Exercise data:
============

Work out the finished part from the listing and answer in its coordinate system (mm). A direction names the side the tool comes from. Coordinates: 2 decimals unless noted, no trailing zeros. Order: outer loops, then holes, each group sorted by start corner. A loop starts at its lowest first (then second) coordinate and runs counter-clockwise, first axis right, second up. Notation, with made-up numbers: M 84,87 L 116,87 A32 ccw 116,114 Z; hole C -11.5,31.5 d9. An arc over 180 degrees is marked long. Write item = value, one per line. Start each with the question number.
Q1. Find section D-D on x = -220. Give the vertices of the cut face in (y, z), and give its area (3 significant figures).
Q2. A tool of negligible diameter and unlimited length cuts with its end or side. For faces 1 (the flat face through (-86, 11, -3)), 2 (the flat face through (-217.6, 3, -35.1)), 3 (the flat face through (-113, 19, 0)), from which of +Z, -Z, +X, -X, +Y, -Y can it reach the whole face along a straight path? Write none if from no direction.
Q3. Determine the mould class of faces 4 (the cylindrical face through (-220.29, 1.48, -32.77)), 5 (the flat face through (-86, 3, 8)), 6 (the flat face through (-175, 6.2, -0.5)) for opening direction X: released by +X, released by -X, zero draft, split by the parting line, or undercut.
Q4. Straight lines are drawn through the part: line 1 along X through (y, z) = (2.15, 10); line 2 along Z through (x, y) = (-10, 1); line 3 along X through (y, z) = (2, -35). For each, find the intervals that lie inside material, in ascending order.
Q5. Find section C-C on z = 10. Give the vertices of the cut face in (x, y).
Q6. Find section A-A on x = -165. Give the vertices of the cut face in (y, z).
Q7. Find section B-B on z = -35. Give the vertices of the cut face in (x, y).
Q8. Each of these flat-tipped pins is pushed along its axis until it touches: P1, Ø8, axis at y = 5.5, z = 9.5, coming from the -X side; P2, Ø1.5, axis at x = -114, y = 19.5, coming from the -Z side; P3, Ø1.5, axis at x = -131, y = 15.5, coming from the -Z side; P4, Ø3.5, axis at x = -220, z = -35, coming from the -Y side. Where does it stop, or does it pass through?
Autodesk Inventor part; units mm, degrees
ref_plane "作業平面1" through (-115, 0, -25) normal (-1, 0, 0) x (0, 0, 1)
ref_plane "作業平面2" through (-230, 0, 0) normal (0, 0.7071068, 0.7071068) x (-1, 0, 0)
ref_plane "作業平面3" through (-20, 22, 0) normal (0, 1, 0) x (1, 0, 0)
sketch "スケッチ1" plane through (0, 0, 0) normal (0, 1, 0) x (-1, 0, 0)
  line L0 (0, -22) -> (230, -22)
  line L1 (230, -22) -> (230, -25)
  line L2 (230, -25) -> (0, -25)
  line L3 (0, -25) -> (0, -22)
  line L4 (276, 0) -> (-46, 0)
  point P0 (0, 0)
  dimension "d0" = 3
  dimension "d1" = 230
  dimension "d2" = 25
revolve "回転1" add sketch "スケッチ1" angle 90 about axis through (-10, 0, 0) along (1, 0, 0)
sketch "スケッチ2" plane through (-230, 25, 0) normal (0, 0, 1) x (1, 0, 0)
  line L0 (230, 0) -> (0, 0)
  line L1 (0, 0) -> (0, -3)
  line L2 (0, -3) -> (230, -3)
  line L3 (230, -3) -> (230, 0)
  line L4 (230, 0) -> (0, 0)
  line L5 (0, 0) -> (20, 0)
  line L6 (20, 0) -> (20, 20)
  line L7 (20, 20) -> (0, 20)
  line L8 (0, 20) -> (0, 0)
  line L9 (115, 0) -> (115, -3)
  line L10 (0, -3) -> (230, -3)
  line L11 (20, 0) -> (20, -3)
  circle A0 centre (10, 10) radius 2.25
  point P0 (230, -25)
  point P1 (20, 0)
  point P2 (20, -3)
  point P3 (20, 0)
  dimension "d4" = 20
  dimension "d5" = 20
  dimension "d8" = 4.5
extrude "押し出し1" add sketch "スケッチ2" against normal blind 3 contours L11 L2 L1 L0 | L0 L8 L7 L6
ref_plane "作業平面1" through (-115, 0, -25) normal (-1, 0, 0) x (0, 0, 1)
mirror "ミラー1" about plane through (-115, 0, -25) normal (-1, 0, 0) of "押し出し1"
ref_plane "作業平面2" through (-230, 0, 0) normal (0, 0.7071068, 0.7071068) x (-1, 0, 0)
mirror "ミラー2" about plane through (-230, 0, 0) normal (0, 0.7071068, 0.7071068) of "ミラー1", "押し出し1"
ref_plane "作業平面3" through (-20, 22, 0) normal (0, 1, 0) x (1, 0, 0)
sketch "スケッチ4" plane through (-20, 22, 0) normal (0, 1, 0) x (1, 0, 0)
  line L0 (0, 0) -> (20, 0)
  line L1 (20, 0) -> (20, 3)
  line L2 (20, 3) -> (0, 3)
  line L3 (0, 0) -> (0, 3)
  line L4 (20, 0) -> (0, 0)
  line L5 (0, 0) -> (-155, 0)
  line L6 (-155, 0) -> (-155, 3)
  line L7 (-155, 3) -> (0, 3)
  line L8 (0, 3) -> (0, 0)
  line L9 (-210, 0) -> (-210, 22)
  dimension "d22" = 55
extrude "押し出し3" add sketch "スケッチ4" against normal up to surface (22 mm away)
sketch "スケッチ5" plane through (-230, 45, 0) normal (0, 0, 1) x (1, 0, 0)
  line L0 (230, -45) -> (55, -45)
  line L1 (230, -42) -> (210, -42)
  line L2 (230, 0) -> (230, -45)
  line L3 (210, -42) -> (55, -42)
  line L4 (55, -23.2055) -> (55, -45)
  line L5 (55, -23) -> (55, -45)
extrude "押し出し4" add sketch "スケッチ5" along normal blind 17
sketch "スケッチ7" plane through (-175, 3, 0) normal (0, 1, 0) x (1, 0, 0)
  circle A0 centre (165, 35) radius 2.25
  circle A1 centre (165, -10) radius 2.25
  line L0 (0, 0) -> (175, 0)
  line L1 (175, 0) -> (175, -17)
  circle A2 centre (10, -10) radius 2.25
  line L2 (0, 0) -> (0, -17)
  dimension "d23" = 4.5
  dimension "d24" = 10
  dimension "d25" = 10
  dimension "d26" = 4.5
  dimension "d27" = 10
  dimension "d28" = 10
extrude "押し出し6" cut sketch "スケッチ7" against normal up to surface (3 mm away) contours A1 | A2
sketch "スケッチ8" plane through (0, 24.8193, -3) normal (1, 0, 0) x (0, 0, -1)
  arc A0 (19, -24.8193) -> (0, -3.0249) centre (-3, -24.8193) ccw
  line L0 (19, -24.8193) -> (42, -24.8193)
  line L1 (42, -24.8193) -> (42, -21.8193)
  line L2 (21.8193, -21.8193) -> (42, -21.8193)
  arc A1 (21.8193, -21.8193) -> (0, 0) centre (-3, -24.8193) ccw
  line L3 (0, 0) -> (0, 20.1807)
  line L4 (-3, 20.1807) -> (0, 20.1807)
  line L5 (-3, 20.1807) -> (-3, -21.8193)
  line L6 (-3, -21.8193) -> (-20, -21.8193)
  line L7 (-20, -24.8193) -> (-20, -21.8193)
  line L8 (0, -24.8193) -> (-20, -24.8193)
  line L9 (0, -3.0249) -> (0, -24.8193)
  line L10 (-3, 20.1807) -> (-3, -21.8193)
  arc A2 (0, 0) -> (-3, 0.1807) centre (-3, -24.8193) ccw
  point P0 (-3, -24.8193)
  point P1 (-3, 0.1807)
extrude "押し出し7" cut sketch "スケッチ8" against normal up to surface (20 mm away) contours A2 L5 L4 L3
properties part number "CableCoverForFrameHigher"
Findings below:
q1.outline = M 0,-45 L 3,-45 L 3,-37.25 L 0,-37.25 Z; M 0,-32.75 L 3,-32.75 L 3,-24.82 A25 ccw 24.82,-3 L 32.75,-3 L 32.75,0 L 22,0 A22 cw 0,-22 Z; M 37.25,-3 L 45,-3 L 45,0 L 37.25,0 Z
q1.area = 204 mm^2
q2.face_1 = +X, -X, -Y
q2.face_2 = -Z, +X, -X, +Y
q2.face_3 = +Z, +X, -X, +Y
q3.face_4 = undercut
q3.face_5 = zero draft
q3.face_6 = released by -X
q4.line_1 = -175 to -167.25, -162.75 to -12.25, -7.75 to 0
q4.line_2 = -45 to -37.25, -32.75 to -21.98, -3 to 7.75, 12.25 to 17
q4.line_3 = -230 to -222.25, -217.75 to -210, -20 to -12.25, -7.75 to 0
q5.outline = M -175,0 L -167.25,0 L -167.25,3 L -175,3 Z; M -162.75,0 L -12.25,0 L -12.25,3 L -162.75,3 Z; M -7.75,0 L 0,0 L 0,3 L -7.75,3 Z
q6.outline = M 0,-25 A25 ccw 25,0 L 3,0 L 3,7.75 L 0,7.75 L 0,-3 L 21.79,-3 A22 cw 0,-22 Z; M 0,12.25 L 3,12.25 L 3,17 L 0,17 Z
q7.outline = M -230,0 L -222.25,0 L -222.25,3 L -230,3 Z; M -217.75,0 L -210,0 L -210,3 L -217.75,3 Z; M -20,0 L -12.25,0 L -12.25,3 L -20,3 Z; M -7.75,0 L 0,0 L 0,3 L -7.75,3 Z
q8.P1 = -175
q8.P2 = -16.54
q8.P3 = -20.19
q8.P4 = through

============

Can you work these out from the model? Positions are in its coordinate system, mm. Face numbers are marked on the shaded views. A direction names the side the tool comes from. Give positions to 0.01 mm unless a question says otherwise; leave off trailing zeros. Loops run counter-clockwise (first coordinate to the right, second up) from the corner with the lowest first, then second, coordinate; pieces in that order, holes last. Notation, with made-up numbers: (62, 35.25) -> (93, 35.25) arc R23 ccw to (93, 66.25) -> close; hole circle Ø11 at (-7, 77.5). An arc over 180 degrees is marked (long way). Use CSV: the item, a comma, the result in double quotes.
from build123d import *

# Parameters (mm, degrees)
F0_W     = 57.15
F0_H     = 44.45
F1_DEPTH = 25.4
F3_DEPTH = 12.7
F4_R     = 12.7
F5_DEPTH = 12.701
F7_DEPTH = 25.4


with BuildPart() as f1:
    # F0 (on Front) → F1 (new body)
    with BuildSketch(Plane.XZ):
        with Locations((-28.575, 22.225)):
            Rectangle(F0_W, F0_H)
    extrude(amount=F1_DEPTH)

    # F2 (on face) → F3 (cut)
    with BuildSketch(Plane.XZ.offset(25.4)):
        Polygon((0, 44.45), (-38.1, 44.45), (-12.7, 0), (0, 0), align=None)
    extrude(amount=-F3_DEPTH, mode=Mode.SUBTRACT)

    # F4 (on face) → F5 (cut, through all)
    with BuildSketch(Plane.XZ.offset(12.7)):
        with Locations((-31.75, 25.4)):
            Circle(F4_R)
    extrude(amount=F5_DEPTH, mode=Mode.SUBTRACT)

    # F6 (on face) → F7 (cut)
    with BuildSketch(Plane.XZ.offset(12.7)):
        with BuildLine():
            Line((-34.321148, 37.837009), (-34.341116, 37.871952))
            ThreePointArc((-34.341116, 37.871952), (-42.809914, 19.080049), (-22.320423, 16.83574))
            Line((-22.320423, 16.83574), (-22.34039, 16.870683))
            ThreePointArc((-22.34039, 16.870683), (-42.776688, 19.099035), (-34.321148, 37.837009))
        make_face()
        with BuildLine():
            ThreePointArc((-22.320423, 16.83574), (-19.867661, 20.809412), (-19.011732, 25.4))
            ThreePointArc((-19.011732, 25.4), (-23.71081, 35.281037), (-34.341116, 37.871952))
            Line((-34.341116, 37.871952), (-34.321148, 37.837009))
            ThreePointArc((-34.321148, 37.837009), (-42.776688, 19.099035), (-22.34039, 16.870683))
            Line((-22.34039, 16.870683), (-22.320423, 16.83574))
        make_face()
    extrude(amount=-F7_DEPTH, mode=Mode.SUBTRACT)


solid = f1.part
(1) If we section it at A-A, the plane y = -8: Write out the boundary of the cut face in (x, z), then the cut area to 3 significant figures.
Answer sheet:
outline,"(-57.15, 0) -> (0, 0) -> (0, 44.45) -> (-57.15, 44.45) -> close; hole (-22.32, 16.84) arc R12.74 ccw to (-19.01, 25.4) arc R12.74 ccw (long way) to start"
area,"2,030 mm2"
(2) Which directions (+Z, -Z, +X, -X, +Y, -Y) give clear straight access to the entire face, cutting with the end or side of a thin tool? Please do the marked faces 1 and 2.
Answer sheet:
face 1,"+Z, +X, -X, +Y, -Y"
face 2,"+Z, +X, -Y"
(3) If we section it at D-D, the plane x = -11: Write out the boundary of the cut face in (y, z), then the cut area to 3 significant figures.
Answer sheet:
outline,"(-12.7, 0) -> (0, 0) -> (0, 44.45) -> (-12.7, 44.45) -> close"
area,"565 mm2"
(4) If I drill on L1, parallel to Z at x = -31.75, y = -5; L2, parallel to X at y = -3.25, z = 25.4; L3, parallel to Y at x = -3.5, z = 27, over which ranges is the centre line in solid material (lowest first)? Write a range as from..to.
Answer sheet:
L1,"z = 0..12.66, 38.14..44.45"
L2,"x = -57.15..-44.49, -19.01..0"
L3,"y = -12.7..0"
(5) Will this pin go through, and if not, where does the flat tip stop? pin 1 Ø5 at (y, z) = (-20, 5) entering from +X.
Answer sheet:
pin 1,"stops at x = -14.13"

============

About this task: The required answer is the exact run of lines above starting at the line with "line L7 (-155, 3) -> (0, 3)" and ending at the line with "line L1 (230, -42) -> (210, -42)", with both ends present.

Response area:
  line L7 (-155, 3) -> (0, 3)
  line L8 (0, 3) -> (0, 0)
  line L9 (-210, 0) -> (-210, 22)
  dimension "d22" = 55
extrude "押し出し3" add sketch "スケッチ4" against normal up to surface (22 mm away)
sketch "スケッチ5" plane through (-230, 45, 0) normal (0, 0, 1) x (1, 0, 0)
  line L0 (230, -45) -> (55, -45)
  line L1 (230, -42) -> (210, -42)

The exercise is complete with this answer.